Anhua County is in the central area of the Hunan Province of China. It is distributed between the altitudes of 27°58′54″ N and 28°38′37″ N and longitudes of 110°43′07″ E and 111°58′51″ E, as shown in Figure 1. The county has an area of about 4950 km², which contains 163 streams. The county has a subtropical seasonal monsoon climate with four distinct seasons and abundant rainfall. According to meteorological data from 1963 to 2012 (50 years), the annual average temperature is about 16.4 °C, while the average temperature in July and January is 27.5 °C and 4.6 °C, respectively. Meanwhile, the area is one of the four major rainstorm centres in Hunan Province. The average annual precipitation is 1738 mm, and the annual average number of precipitation days is 170.86 mm. The county is located at the hinterland of the Xuefeng Mountains, which pertains to a medium and low mountain landform. Within the territory of the county, the mountains stand tall and the terrain is strongly cut with very developed V-shaped valleys as well as steep slopes. Besides, from the census of 2013, over one million people are living in the area, implying many human engineering activities there. As such, the county is a landslide-prone area. During the years from 2015 to 2018, about 8,260 people were affected by the landslides in the study area, with two deaths and a direct economic loss of about 121.452 million yuan.
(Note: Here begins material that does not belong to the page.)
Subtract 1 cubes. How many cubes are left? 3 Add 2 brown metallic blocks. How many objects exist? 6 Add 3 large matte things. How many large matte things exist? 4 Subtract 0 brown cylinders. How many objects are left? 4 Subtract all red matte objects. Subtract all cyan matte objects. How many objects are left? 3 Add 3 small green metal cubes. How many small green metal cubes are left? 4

Figure 1. Location of the study area and landslide inventory map.

2.2. Landslide inventory

Based on the assumption that future landslides will take place under the environmental conditions where past landslides occurred (Guzzetti et al. 1999), it is important to obtain an accurate landslide inventory map for statistical LSM. Landslide inventory can be prepared in various ways, such as field surveys and satellite image recognition (Sara et al. 2015; Chen et al. 2017). In this study, 434 landslides are obtained through field surveys and referring to the historical materials of the Geological Disaster Emergency Center of Hunan Province, as schematically shown in Figure 1. In general, it is seen from the figure that the landslides are distributed all over the study area. They are characterized by large amounts, small scales, and wide distributions. Statistics show that the landslide volume ranges from 8 m³ to 1.5 × 10⁵ m³, and soil and gravel soil landslide are the main landslides that account for the majority of these recorded landslides (Figure 2). These landslides are mainly activated by seasonal heavy rainfall and frequent human engineering activities (e.g. cutting slopes for buildings and roads, changes in vegetation). Considering the common process for LSM, these landslide samples are randomly divided into two parts: 304 (70%) samples out of them are used for training and the remaining 130 (30%) samples are retained for the validation of the calibrated susceptibility models (Dou et al. 2019; Wang et al. 2020). Note that such ratio of training and validating data has been widely used in the literature (Pham et al. 2019; Hu et al. 2020; Zhao and Chen 2020; Dou et al. 2020b) and some internal analyses also found this ratio yield good results.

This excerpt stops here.